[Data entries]
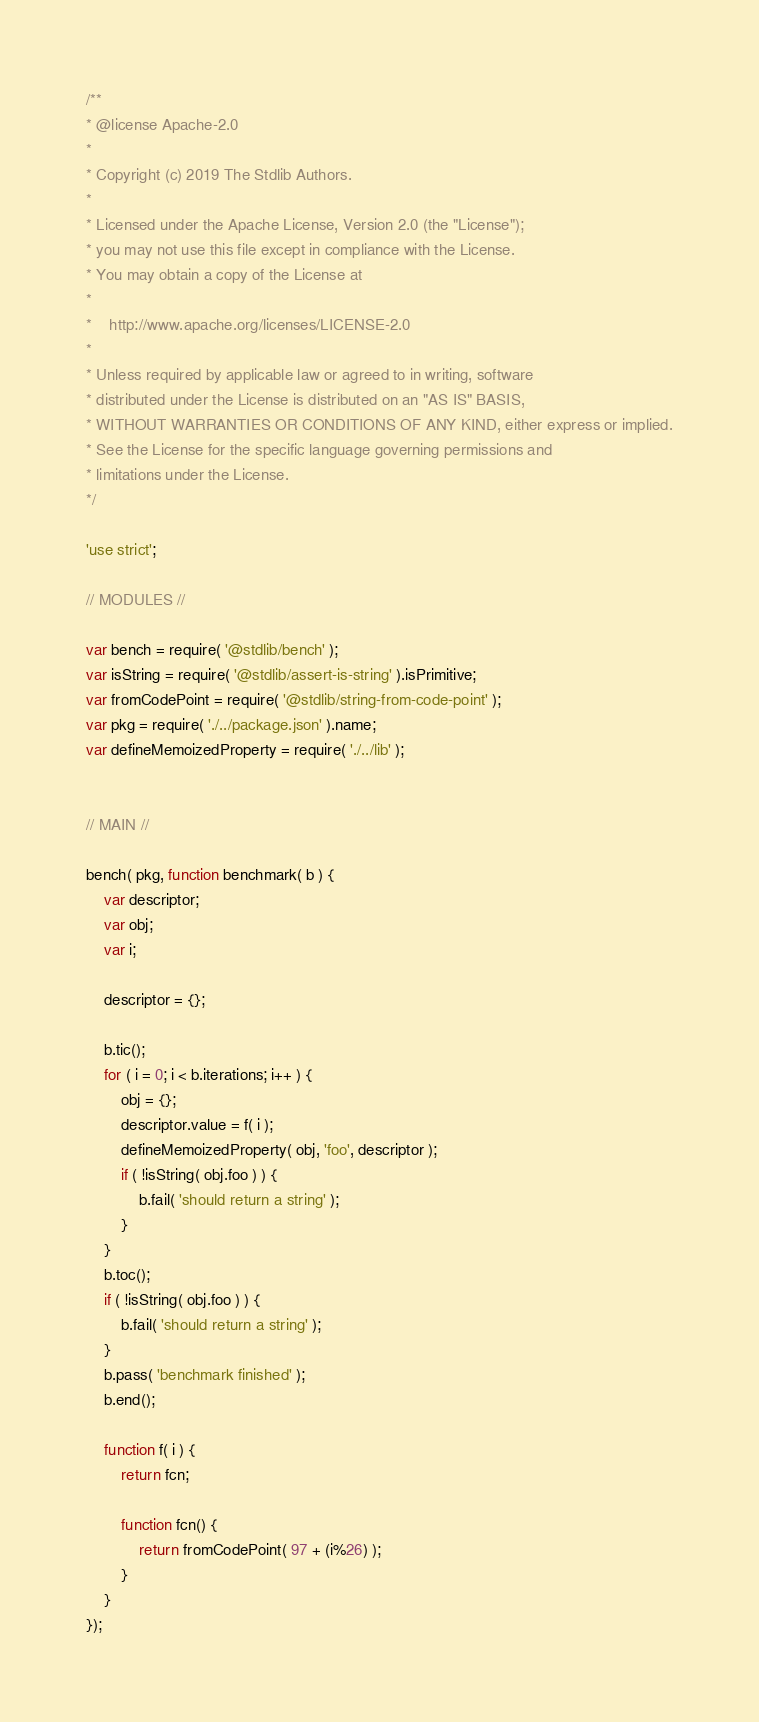<code> <loc_0><loc_0><loc_500><loc_500><_JavaScript_>/**
* @license Apache-2.0
*
* Copyright (c) 2019 The Stdlib Authors.
*
* Licensed under the Apache License, Version 2.0 (the "License");
* you may not use this file except in compliance with the License.
* You may obtain a copy of the License at
*
*    http://www.apache.org/licenses/LICENSE-2.0
*
* Unless required by applicable law or agreed to in writing, software
* distributed under the License is distributed on an "AS IS" BASIS,
* WITHOUT WARRANTIES OR CONDITIONS OF ANY KIND, either express or implied.
* See the License for the specific language governing permissions and
* limitations under the License.
*/

'use strict';

// MODULES //

var bench = require( '@stdlib/bench' );
var isString = require( '@stdlib/assert-is-string' ).isPrimitive;
var fromCodePoint = require( '@stdlib/string-from-code-point' );
var pkg = require( './../package.json' ).name;
var defineMemoizedProperty = require( './../lib' );


// MAIN //

bench( pkg, function benchmark( b ) {
	var descriptor;
	var obj;
	var i;

	descriptor = {};

	b.tic();
	for ( i = 0; i < b.iterations; i++ ) {
		obj = {};
		descriptor.value = f( i );
		defineMemoizedProperty( obj, 'foo', descriptor );
		if ( !isString( obj.foo ) ) {
			b.fail( 'should return a string' );
		}
	}
	b.toc();
	if ( !isString( obj.foo ) ) {
		b.fail( 'should return a string' );
	}
	b.pass( 'benchmark finished' );
	b.end();

	function f( i ) {
		return fcn;

		function fcn() {
			return fromCodePoint( 97 + (i%26) );
		}
	}
});
</code> 
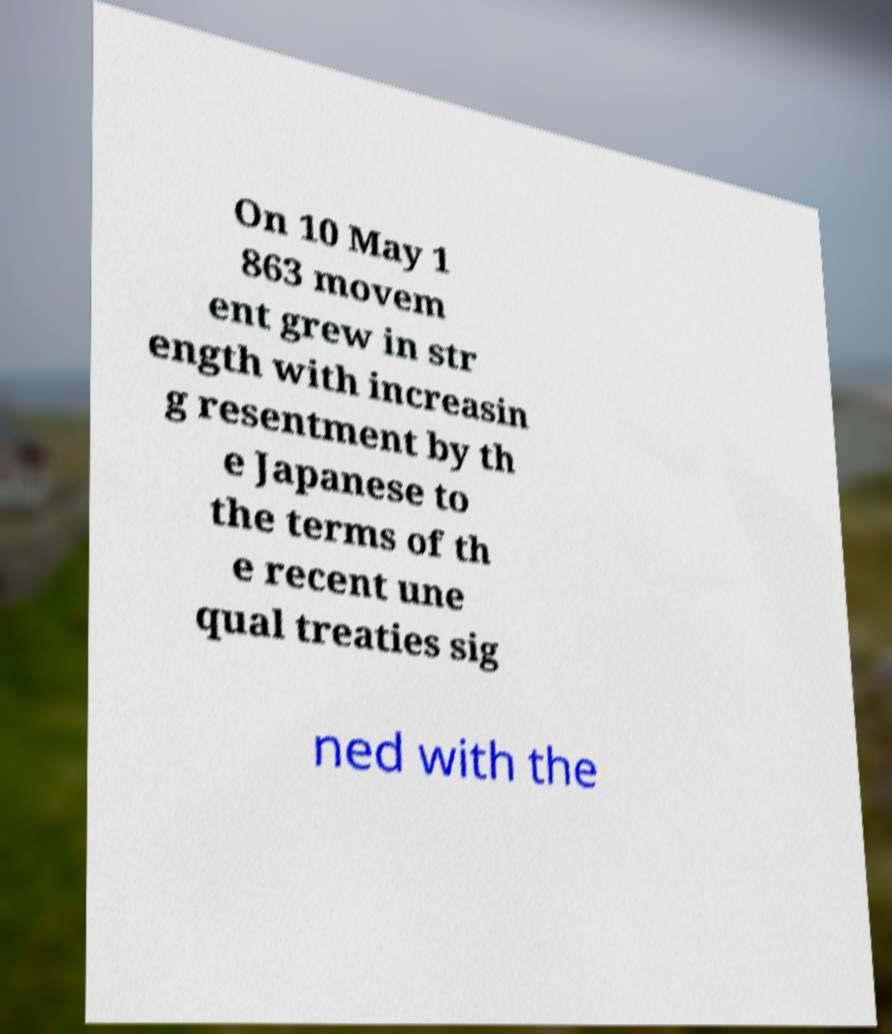Can you accurately transcribe the text from the provided image for me? On 10 May 1 863 movem ent grew in str ength with increasin g resentment by th e Japanese to the terms of th e recent une qual treaties sig ned with the 
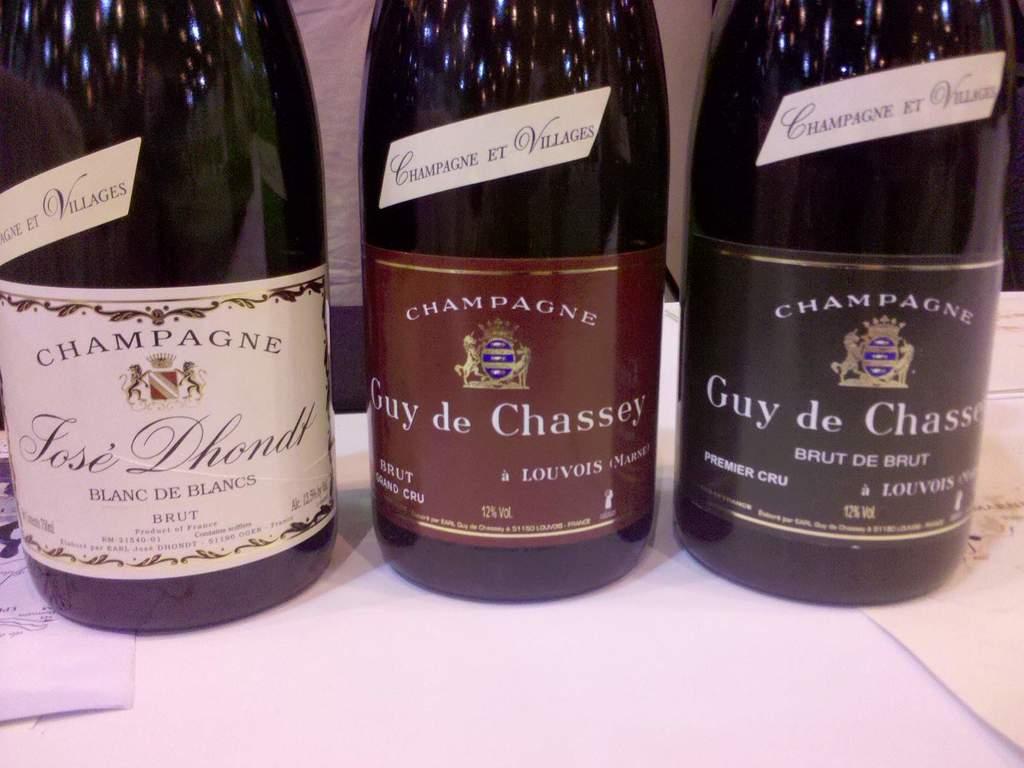What type of beverage is in the bottles?
Keep it short and to the point. Champagne. What is the left brand of alcohol?
Your response must be concise. Champagne. 
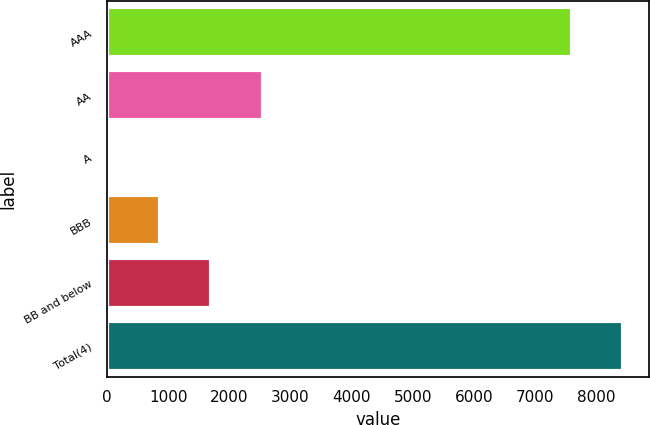<chart> <loc_0><loc_0><loc_500><loc_500><bar_chart><fcel>AAA<fcel>AA<fcel>A<fcel>BBB<fcel>BB and below<fcel>Total(4)<nl><fcel>7613<fcel>2544.7<fcel>40<fcel>874.9<fcel>1709.8<fcel>8447.9<nl></chart>

--- What to produce ---
Each record above goes into the copy word for word; the pictures do not.

--- Written response ---
<code> <loc_0><loc_0><loc_500><loc_500><_JavaScript_>/**
* @license Apache-2.0
*
* Copyright (c) 2019 The Stdlib Authors.
*
* Licensed under the Apache License, Version 2.0 (the "License");
* you may not use this file except in compliance with the License.
* You may obtain a copy of the License at
*
*    http://www.apache.org/licenses/LICENSE-2.0
*
* Unless required by applicable law or agreed to in writing, software
* distributed under the License is distributed on an "AS IS" BASIS,
* WITHOUT WARRANTIES OR CONDITIONS OF ANY KIND, either express or implied.
* See the License for the specific language governing permissions and
* limitations under the License.
*/

'use strict';

// MODULES //

var bench = require( '@stdlib/bench' );
var isString = require( '@stdlib/assert-is-string' ).isPrimitive;
var fromCodePoint = require( '@stdlib/string-from-code-point' );
var pkg = require( './../package.json' ).name;
var defineMemoizedProperty = require( './../lib' );


// MAIN //

bench( pkg, function benchmark( b ) {
	var descriptor;
	var obj;
	var i;

	descriptor = {};

	b.tic();
	for ( i = 0; i < b.iterations; i++ ) {
		obj = {};
		descriptor.value = f( i );
		defineMemoizedProperty( obj, 'foo', descriptor );
		if ( !isString( obj.foo ) ) {
			b.fail( 'should return a string' );
		}
	}
	b.toc();
	if ( !isString( obj.foo ) ) {
		b.fail( 'should return a string' );
	}
	b.pass( 'benchmark finished' );
	b.end();

	function f( i ) {
		return fcn;

		function fcn() {
			return fromCodePoint( 97 + (i%26) );
		}
	}
});
</code> 
Can you accurately transcribe the text from the provided image for me? On 10 May 1 863 movem ent grew in str ength with increasin g resentment by th e Japanese to the terms of th e recent une qual treaties sig ned with the 
What type of beverage is in the bottles?
Keep it short and to the point. Champagne. What is the left brand of alcohol?
Your response must be concise. Champagne. 
<chart> <loc_0><loc_0><loc_500><loc_500><bar_chart><fcel>AAA<fcel>AA<fcel>A<fcel>BBB<fcel>BB and below<fcel>Total(4)<nl><fcel>7613<fcel>2544.7<fcel>40<fcel>874.9<fcel>1709.8<fcel>8447.9<nl></chart>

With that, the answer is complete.